18. nothing this time
17. I am what I am and that’s all that I am. Was Popeye a Buddhist?
16. I am trying too hard. I am going back to focusing on my physical presence. Breath in, breath out
15. When does this exercise become a distraction? What am I seeking? I want to live a better life.
14. The Dalai Lama says the mind is devoid of intrinsic existence. It is not part of the body nor independent of the body. hmmmmmm
13. Bell rings again. Time to stop. The tiger, my partner on the trip to the mountaintop, is growling off to the side. Shhhhhhhhh. I know now it was a foolish idea to bring you along. Shhhhhhhh. Be still.
12. Thoughts–not formed, lurking there just beyond reach. Why am I doing this exercise anyway? I like the gong. Is that enought reason?
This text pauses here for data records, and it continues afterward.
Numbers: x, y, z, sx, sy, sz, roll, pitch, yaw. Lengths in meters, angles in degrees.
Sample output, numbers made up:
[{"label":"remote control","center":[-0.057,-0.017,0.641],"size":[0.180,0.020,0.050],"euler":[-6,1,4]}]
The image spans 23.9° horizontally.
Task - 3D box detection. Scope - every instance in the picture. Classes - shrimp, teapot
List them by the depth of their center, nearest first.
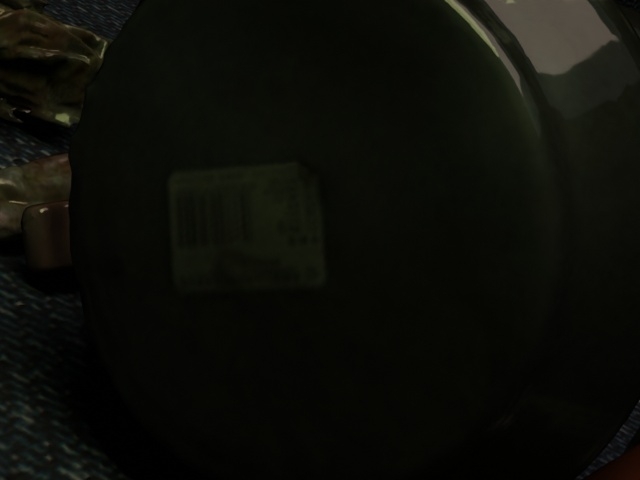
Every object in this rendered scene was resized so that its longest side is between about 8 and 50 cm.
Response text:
[{"label":"teapot","center":[0.040,-0.016,0.805],"size":[0.376,0.306,0.361],"euler":[-4,1,29]},{"label":"shrimp","center":[-0.214,-0.084,0.907],"size":[0.360,0.085,0.247],"euler":[0,44,-49]}]

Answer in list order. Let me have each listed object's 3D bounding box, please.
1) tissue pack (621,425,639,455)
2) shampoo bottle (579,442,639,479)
[{"label":"tissue pack","center":[0.205,0.156,0.828],"size":[0.051,0.112,0.156],"euler":[23,20,-14]},{"label":"shampoo bottle","center":[0.158,0.132,0.696],"size":[0.244,0.085,0.085],"euler":[-30,53,-26]}]

11. My focus again on being alive in thi space
10. Oh my here again so soon. nothing. I have been rereading Sunday’s session on mieditation and I can’t get it ouyt of my mind. that’s OK. It is in the right zone (http://playasbeing.wordpress.com/2008/06/08/pab-zen-and-being-nothing/
9. First pause since the group ended. nothing but a pause nevertheless
8. In the group…talking about we as stardust
7. Here in the group now. Talking about hidden messages and when they might be of use
6. nothing
5. The bell finally set correctly. Closing my eyes I again begin to feel the physical presence of my body. It is floating. Is this the first stage of sleep in my stressed state?
4. I stare at the little Buddha statue on my desk and it looks back at me. No thoughts.
3. My mind wants to focus on why I am here in this space, on this planet, in this universe. Is that part of the exercise. My atoms are borrowed and transitory. Have any been with me since the start of my journey on this planet? A scientific question.
2. Where is my Being. Is it in this space? I feel the air around my body defi ning where I am in the world—or does it
1. I feel my physical presence in the chair. I am neither light nor heavy but here, alive, a physical occupier of space
It is a hot morning and my body is physically stressed. I have set the mindfulness bell and I am all set to go. I am getting a bit more disciplined about the exercise.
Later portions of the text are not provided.